2 . The method according to claim 1 , wherein the step of determining as a function of frequency a loop gain comprises the further steps of:
determining the attenuation of the acoustic feedback path; determining the gain of the hearing aid from input to output; and determining the loop gain as the product of said determined attenuation of the acoustic feedback path and said determined gain of the hearing aid.
3 . The method according to claim 1 , wherein the step of determining as a function of frequency a measure of feedback path change comprises the further step of:
determining a frequency dependent statistical estimate of a drift of at least one adaptive feedback cancellation filter characteristic.

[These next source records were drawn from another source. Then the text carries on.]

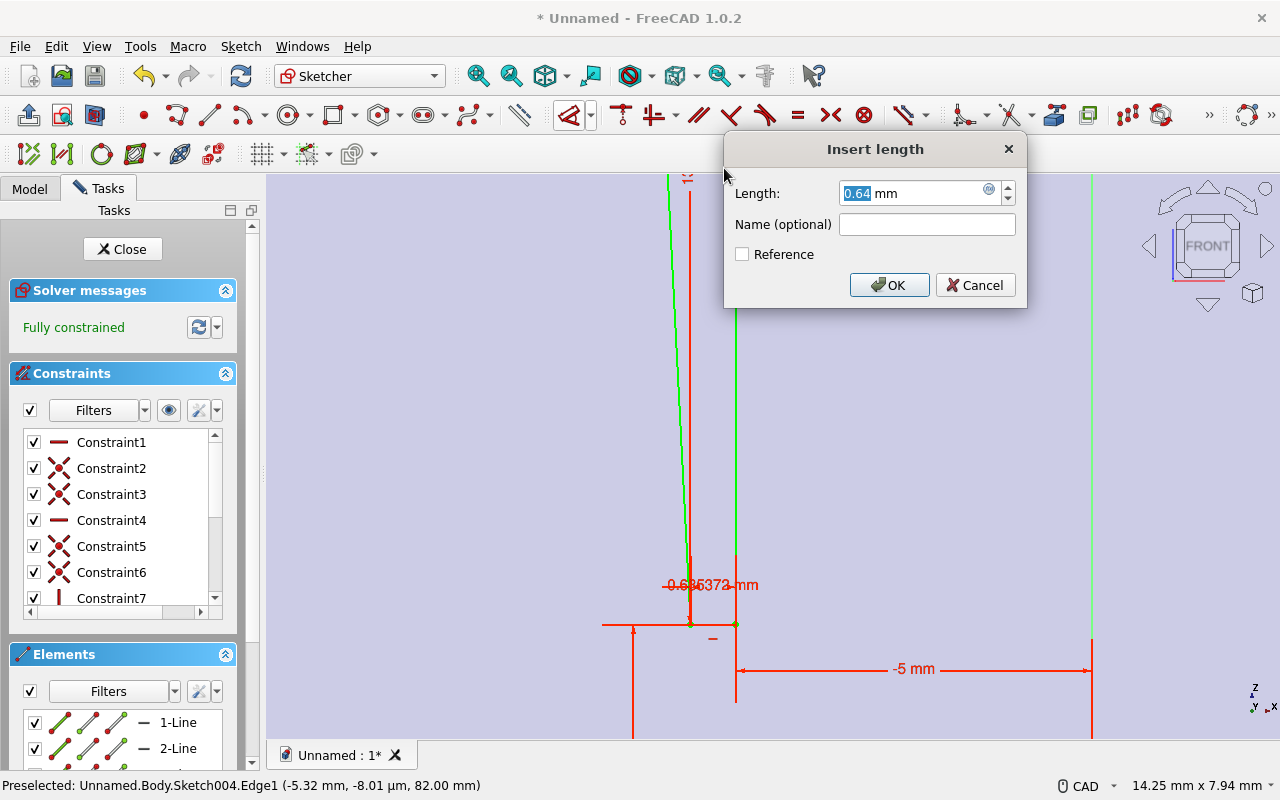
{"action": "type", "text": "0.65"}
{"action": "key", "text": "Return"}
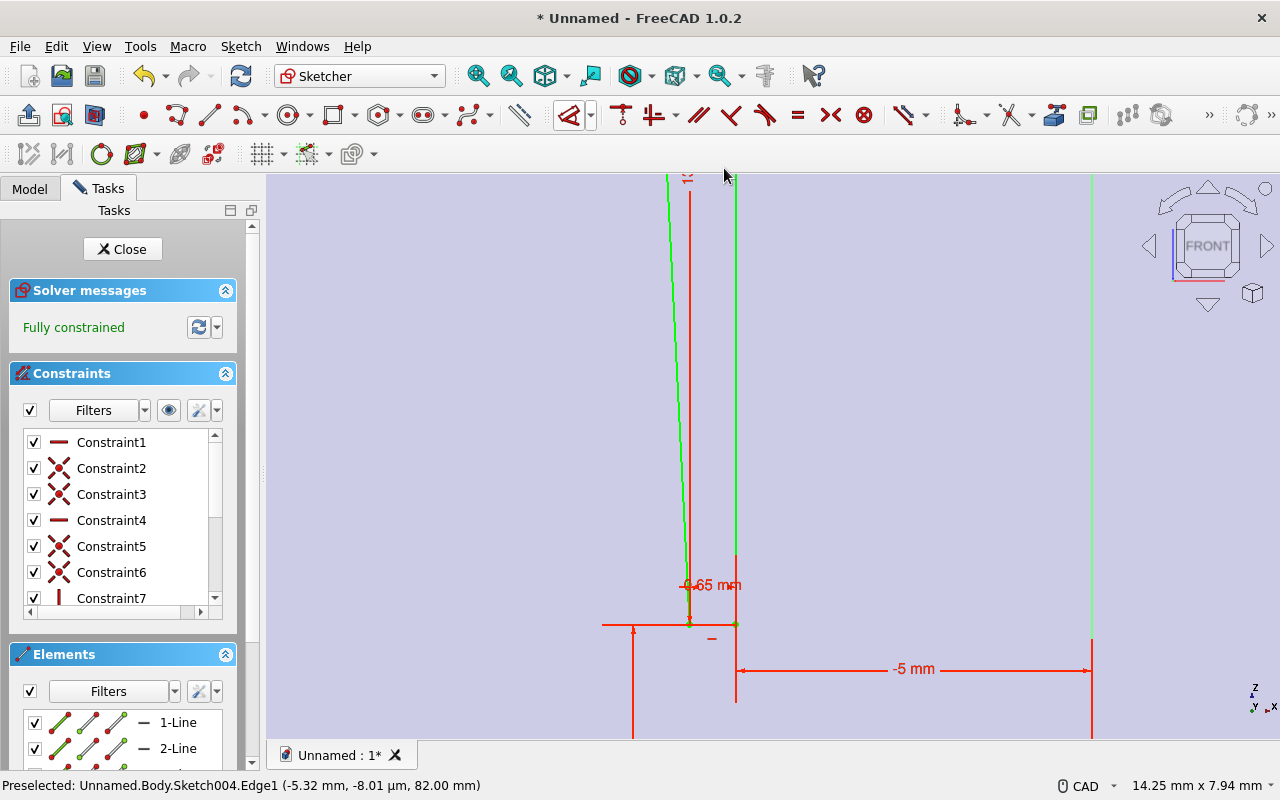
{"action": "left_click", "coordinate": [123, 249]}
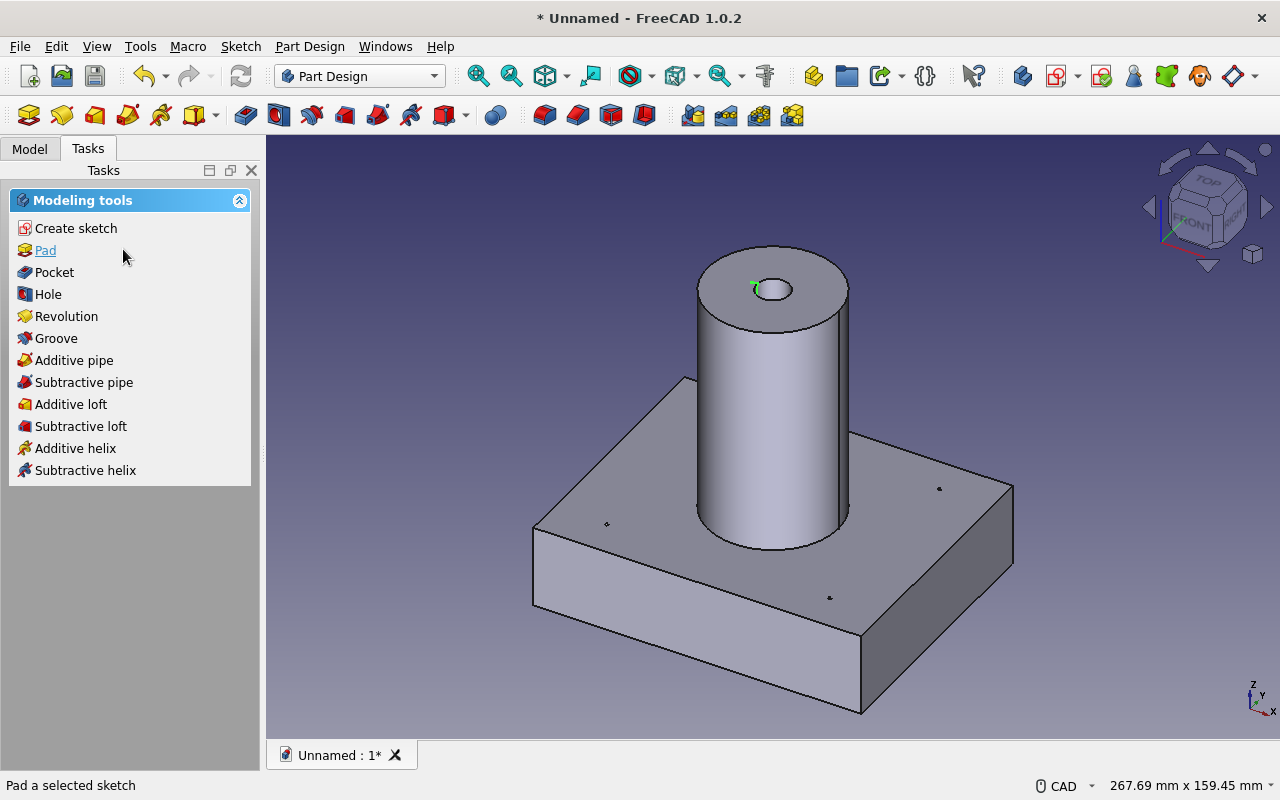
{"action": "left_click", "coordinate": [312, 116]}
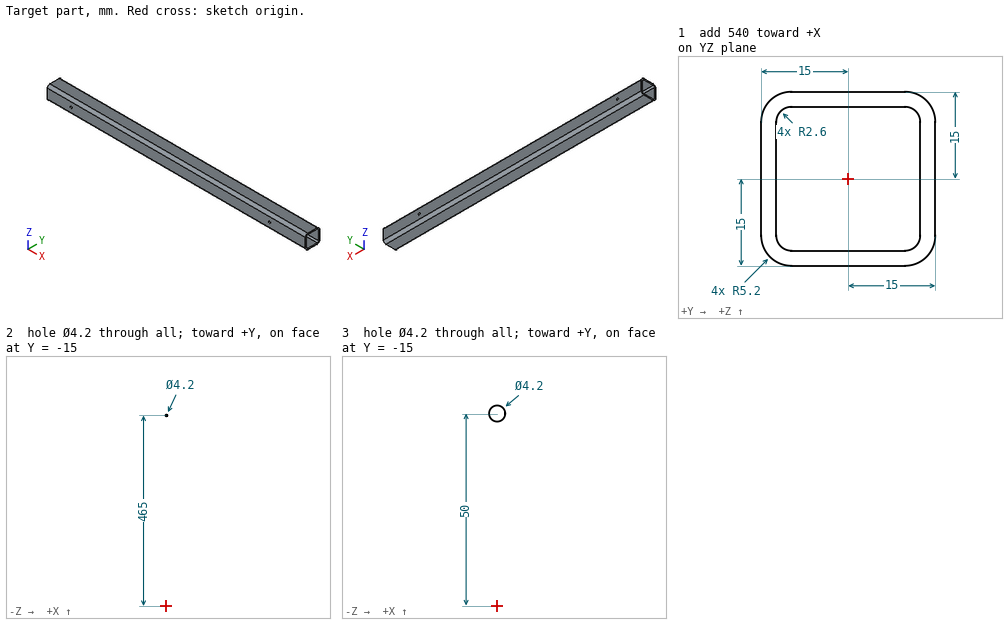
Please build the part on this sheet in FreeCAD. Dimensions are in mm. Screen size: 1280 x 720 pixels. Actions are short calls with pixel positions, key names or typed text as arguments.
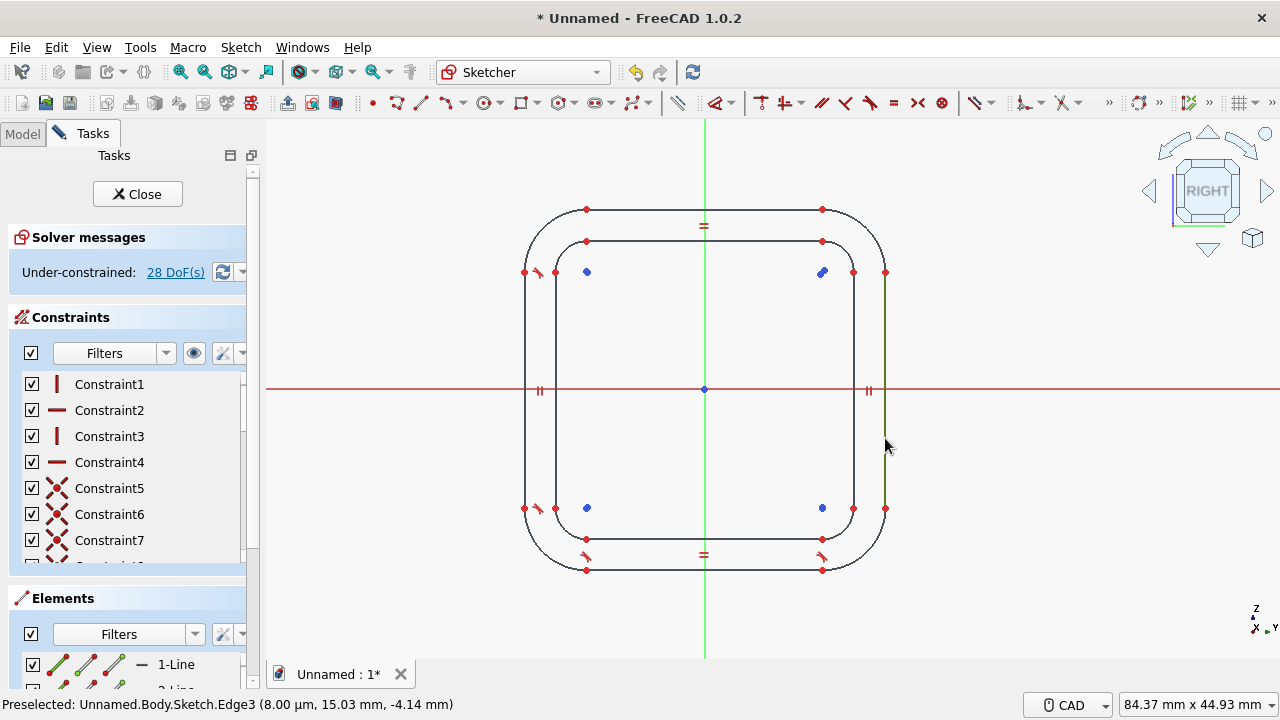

4 . The method according to claim 1 , wherein the step of determining as a function of frequency a measure of tonal components comprises the further steps of:
estimating for a plurality of frequency ranges a minimum and a maximum value of signal power in the input transducer output signal; and determining the measure of tonal components based on a ratio of the estimated maximum value of the signal power compared to the estimated minimum value of the signal power, wherein the measure of tonal components decreases with the estimated ratio.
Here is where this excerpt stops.